Use structured output. Tell the model to return JSON with specific fields instead of verbose natural language. Structured responses are typically 50-70% shorter than prose.
Caching Agent Intermediate Results
Many agent tasks involve repetitive operations. If your agent searches for "Node.js error handling best practices" today and another agent searches for the same thing tomorrow, caching the result saves the cost of the search and the LLM call to process it.

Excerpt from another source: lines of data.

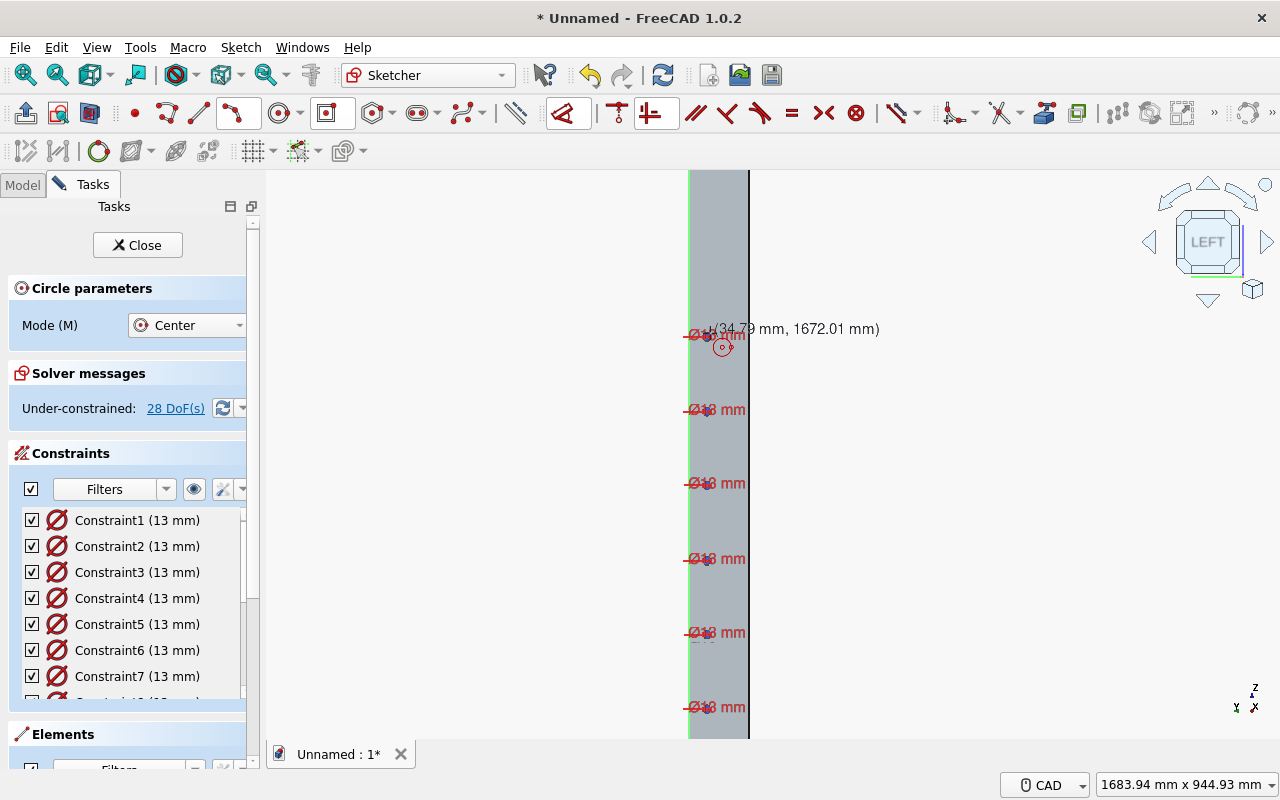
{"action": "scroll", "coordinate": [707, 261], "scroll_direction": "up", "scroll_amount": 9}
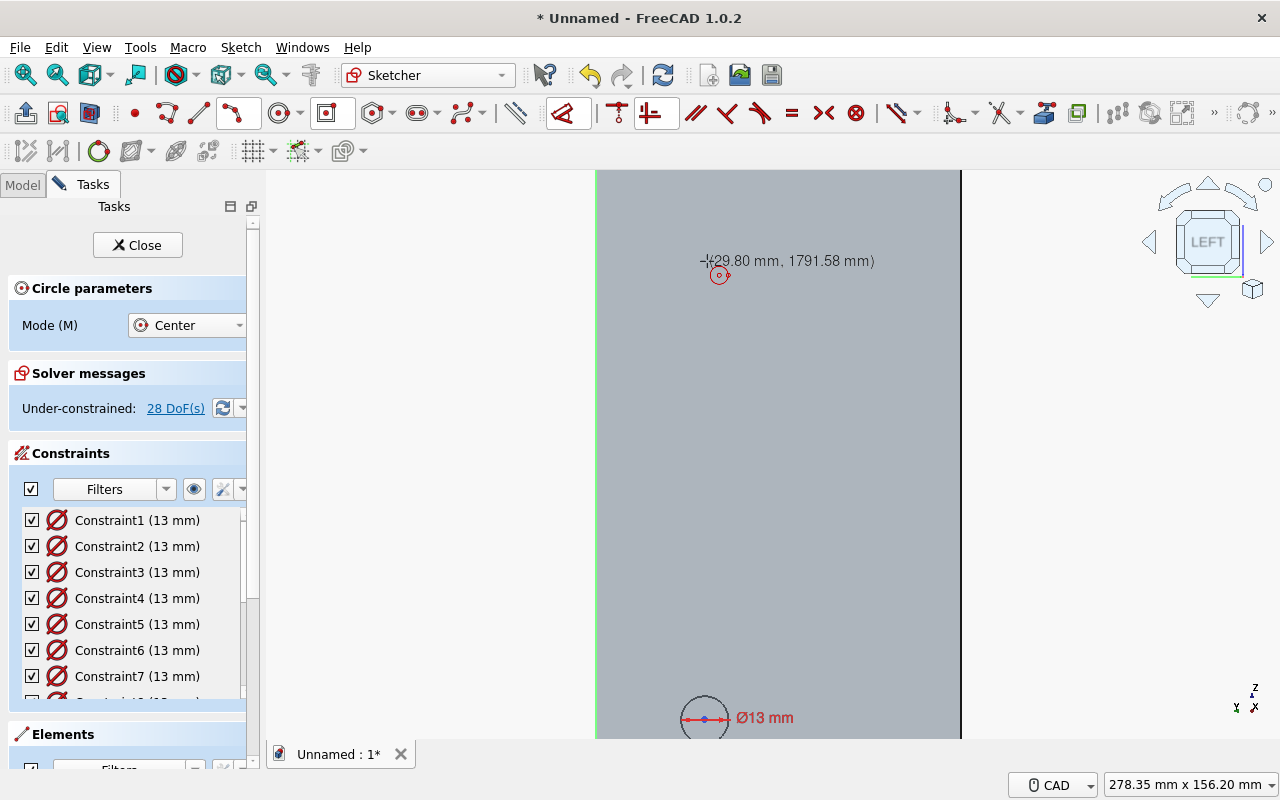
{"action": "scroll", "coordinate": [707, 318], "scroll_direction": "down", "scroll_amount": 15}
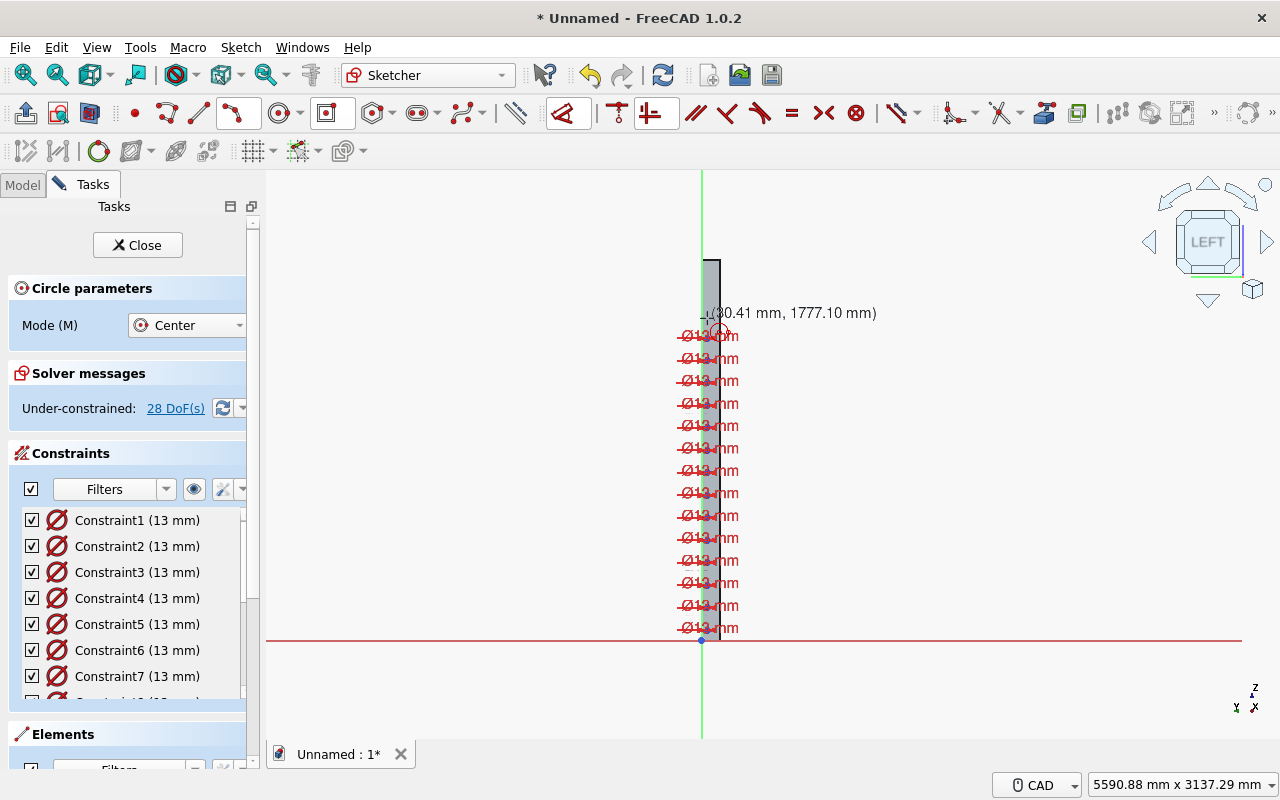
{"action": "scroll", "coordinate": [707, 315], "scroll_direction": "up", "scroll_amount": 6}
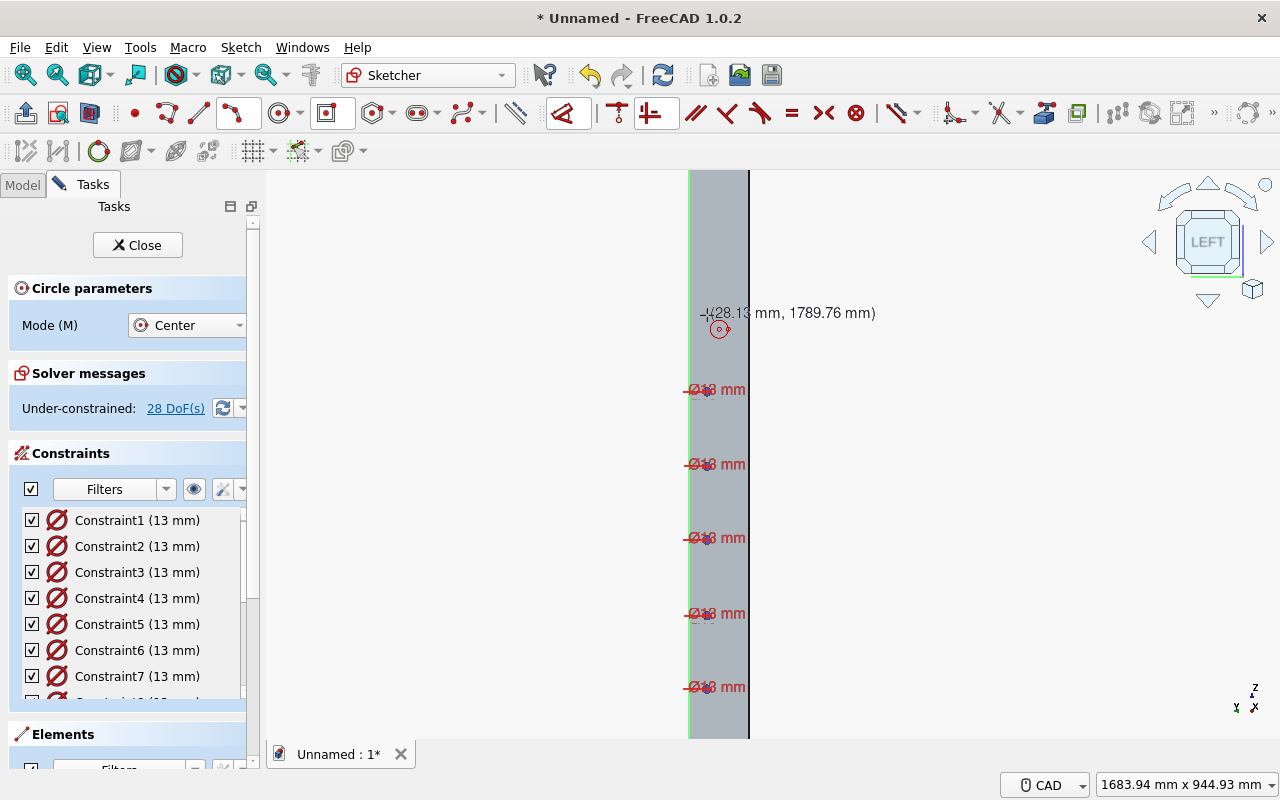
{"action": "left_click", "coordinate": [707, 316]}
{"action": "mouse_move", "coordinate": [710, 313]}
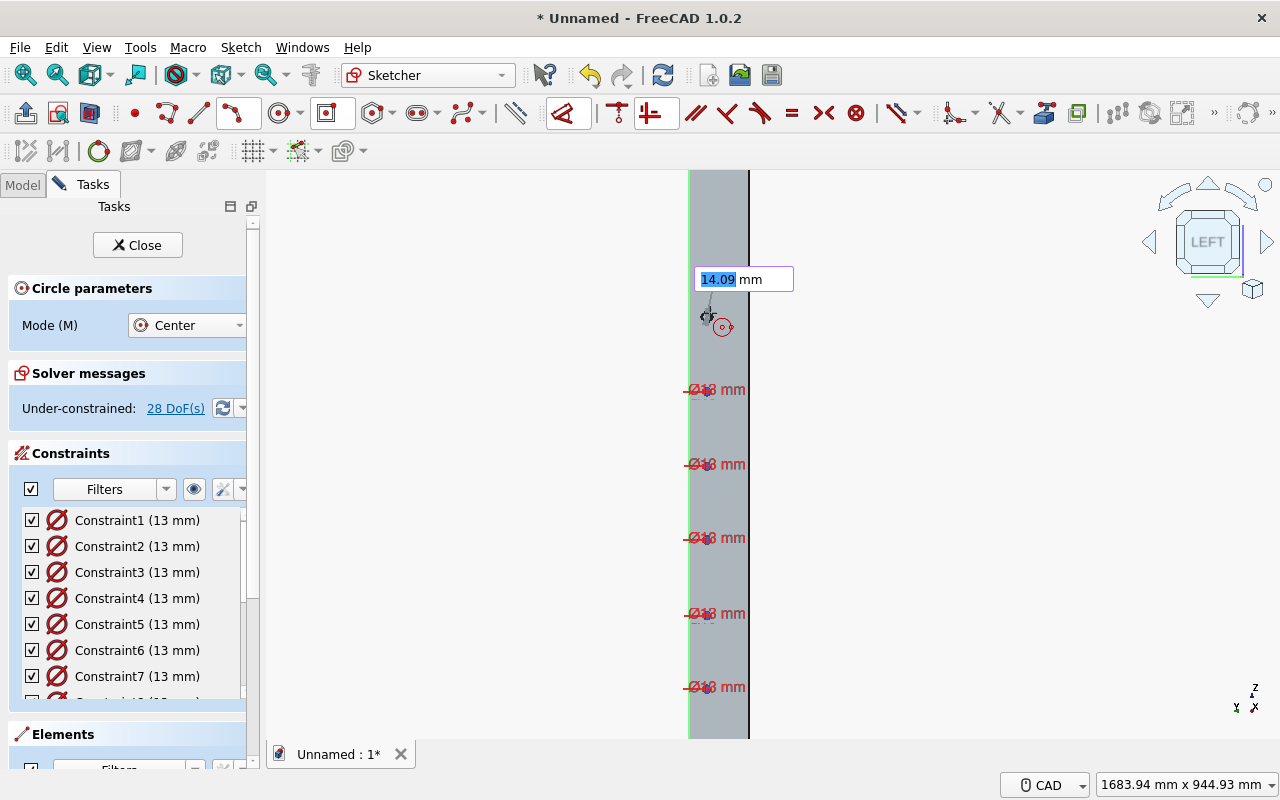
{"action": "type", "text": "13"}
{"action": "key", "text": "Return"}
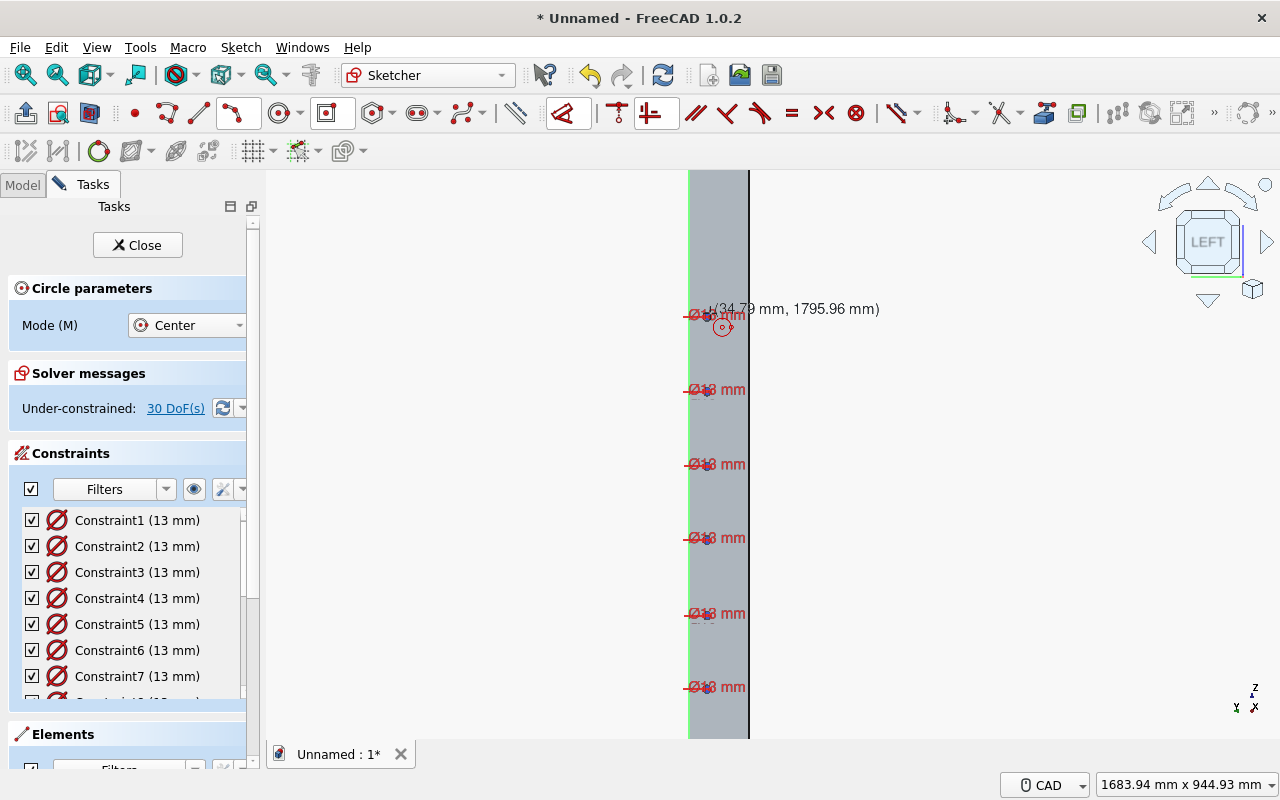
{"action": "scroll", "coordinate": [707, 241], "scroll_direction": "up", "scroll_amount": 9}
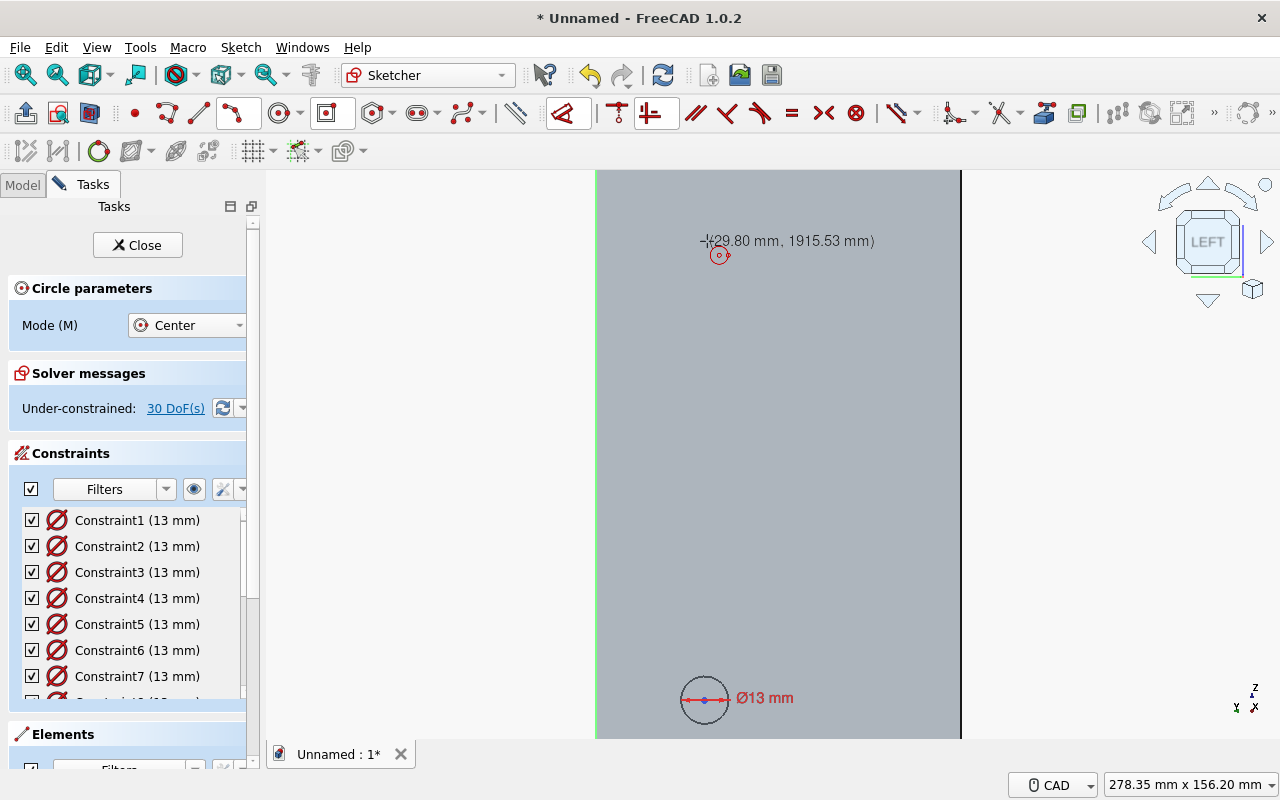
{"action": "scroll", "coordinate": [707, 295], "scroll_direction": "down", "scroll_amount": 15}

var crypto = require("crypto");
function AgentCache(options) {
this.store = {};
this.ttlMs = (options.ttlMinutes || 60) * 60 * 1000;
this.maxEntries = options.maxEntries || 1000;
this.hits = 0;
this.misses = 0;
}
AgentCache.prototype.makeKey = function (operation, params) {
var input = operation + ":" + JSON.stringify(params);
return crypto.createHash("sha256").update(input).digest("hex");
};
AgentCache.prototype.get = function (operation, params) {
var key = this.makeKey(operation, params);
var entry = this.store[key];
if (!entry) {
this.misses++;
return null;
}
if (Date.now() - entry.timestamp > this.ttlMs) {
delete this.store[key];
this.misses++;
return null;
}
this.hits++;
return entry.value;
};
AgentCache.prototype.set = function (operation, params, value, costSaved) {
var key = this.makeKey(operation, params);
if (Object.keys(this.store).length >= this.maxEntries) {
this.evictOldest();
}
this.store[key] = {
value: value,
timestamp: Date.now(),
costSaved: costSaved || 0
};
};
AgentCache.prototype.evictOldest = function () {
var oldestKey = null;
var oldestTime = Infinity;
Object.keys(this.store).forEach(function (key) {
if (this.store[key].timestamp < oldestTime) {
oldestTime = this.store[key].timestamp;
oldestKey = key;
}
}.bind(this));
if (oldestKey) {
delete this.store[oldestKey];
}
};
AgentCache.prototype.stats = function () {
var totalSaved = 0;
var self = this;
Object.keys(self.store).forEach(function (key) {
totalSaved += self.store[key].costSaved || 0;
});
return {
entries: Object.keys(self.store).length,
hits: self.hits,
misses: self.misses,
hitRate: self.hits + self.misses > 0
? (self.hits / (self.hits + self.misses) * 100).toFixed(1) + "%"
: "0%",
estimatedSavings: "$" + totalSaved.toFixed(4)
};
};
For production systems, swap the in-memory store for Redis. The cache key should include the model name if different models produce different results for the same input.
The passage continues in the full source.